Microsoft Security Essentials misses 39% of malware in Dennis test - uladzislau
http://www.pcpro.co.uk/news/security/386185/microsoft-security-essentials-misses-39-of-malware-in-dennis-test
======
ayi
Think before upvoting. Report says:

"To create a fair testing environment, each product was installed on a clean
Windows 7 Home Premium 64-bit target system. The operating system was updated
with Service Pack 1 (SP1), although no later patches or updates were applied."

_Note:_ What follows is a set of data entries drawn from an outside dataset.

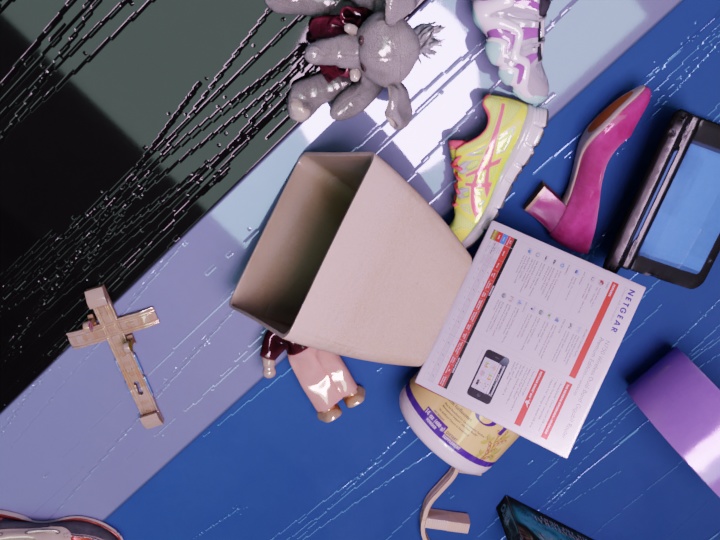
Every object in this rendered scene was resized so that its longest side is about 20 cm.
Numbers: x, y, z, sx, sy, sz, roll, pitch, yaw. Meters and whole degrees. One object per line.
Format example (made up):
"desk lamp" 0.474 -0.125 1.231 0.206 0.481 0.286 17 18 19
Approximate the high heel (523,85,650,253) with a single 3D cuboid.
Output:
"high heel" 0.287 -0.114 0.957 0.096 0.067 0.200 37 109 -4

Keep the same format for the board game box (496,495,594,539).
"board game box" 0.284 0.390 1.102 0.200 0.135 0.028 28 105 -13

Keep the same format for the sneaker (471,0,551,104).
"sneaker" 0.190 -0.285 0.870 0.140 0.078 0.200 -23 112 29

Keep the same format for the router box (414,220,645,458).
"router box" 0.182 0.073 0.894 0.179 0.049 0.200 26 86 14

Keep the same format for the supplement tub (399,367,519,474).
"supplement tub" 0.159 0.130 0.998 0.145 0.145 0.200 36 104 -14

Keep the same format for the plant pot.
"plant pot" 0.000 0.000 0.906 0.177 0.200 0.200 28 85 -25

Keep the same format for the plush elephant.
"plush elephant" 0.000 -0.232 0.856 0.199 0.155 0.165 -4 110 -2

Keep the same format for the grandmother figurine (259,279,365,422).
"grandmother figurine" -0.072 0.091 1.021 0.121 0.061 0.200 -33 107 -21

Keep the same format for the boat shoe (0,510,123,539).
"boat shoe" -0.418 0.365 1.089 0.199 0.063 0.071 12 106 -9

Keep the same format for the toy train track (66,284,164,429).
"toy train track" -0.294 0.114 1.024 0.114 0.033 0.201 -17 110 3

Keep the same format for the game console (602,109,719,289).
"game console" 0.383 -0.074 0.961 0.116 0.176 0.201 25 107 18

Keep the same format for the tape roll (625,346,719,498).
"tape roll" 0.427 0.196 1.010 0.085 0.200 0.200 -42 106 11

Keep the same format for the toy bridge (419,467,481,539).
"toy bridge" 0.116 0.344 1.133 0.067 0.027 0.201 9 109 -4

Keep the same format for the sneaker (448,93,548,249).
"sneaker" 0.134 -0.113 0.957 0.090 0.078 0.200 27 102 -1

Security Essentials gets definition updates from Windows Update. So, if you
don't update your system, you are stuck with what coems with the first
install.

Windows 7 sp1 was released to public on February 9, 2011.

The report is here
[http://dennistechnologylabs.com/reports/s/a-m/2013/DTL_2013_...](http://dennistechnologylabs.com/reports/s/a-m/2013/DTL_2013_Q4_Home.1.pdf)
and it features such gems as:

"Our aim is to test the security product and not the protection provided by
keeping systems completely up to date with patches and other mechanisms.
Patching will inevitably improve the security of the system and readers are
advised to keep all software updated."

and

"A selection of legitimate but vulnerable software was pre-installed on the
target systems. These posed security risks, as they contained known security
issues. They included versions of Adobe Flash Player, Adobe Reader and Java."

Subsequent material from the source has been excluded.